• EXERCISE:
The expected answer is a verbatim transcription of the lines below, beginning with the first and ending with the line that holds "C++ Libraries BoostBook", without pictures.

• DATA EXTRACTS:

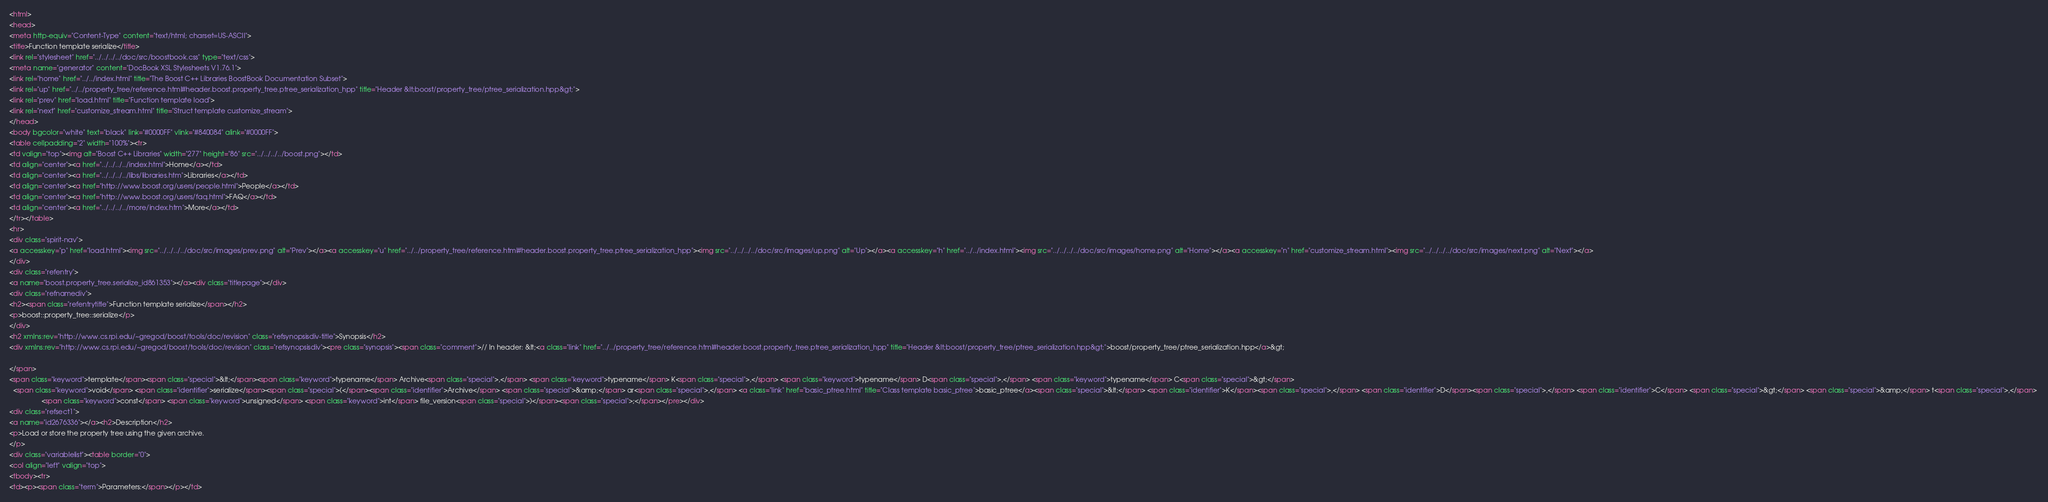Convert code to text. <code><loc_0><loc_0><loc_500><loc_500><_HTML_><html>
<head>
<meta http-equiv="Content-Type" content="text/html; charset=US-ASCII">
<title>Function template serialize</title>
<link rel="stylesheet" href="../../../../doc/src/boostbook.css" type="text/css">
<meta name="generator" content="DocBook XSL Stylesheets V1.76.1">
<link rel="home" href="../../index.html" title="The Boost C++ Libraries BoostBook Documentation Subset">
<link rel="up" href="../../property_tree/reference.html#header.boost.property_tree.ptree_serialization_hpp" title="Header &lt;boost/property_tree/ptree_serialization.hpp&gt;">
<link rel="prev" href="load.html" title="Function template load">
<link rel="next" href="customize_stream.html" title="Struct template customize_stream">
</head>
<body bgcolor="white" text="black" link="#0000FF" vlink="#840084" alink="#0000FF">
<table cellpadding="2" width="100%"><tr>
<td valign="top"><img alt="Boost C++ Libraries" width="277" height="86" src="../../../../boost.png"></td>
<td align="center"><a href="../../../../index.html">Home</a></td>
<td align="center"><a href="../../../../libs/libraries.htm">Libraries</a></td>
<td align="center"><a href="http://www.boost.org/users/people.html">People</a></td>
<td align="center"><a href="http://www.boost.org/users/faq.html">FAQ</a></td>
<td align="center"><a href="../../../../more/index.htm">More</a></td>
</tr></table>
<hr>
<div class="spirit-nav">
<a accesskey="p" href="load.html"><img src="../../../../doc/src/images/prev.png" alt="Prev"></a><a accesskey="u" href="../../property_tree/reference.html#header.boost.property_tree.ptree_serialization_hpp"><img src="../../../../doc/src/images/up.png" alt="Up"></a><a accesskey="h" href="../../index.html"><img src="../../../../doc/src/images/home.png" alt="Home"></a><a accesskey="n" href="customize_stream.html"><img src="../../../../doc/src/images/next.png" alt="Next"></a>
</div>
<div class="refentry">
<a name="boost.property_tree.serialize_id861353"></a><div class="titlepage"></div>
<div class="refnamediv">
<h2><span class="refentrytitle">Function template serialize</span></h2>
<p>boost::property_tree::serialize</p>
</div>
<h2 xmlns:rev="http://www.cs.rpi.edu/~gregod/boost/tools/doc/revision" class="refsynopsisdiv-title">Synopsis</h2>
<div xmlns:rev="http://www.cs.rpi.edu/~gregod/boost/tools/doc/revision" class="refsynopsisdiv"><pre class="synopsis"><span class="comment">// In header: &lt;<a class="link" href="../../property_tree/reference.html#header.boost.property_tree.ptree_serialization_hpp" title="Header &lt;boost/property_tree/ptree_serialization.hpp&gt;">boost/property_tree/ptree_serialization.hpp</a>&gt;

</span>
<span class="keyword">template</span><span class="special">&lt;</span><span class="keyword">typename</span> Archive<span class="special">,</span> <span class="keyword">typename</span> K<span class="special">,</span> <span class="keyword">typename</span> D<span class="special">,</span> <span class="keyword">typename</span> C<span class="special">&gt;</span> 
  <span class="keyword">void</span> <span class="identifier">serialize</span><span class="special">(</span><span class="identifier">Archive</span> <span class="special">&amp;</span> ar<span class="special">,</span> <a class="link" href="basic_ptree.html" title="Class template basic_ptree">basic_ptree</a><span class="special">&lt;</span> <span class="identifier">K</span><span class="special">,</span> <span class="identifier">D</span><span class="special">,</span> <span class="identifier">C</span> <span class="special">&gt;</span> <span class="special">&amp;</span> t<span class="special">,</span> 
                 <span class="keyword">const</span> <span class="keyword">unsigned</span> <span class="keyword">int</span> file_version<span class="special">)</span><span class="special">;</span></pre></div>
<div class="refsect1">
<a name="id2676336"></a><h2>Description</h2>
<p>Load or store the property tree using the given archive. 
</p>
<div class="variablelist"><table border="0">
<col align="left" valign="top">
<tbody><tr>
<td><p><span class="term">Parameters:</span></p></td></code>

• EXERCISE ANSWER:
Convert code to text. <code><loc_0><loc_0><loc_500><loc_500><_HTML_><html>
<head>
<meta http-equiv="Content-Type" content="text/html; charset=US-ASCII">
<title>Function template serialize</title>
<link rel="stylesheet" href="../../../../doc/src/boostbook.css" type="text/css">
<meta name="generator" content="DocBook XSL Stylesheets V1.76.1">
<link rel="home" href="../../index.html" title="The Boost C++ Libraries BoostBook Documentation Subset">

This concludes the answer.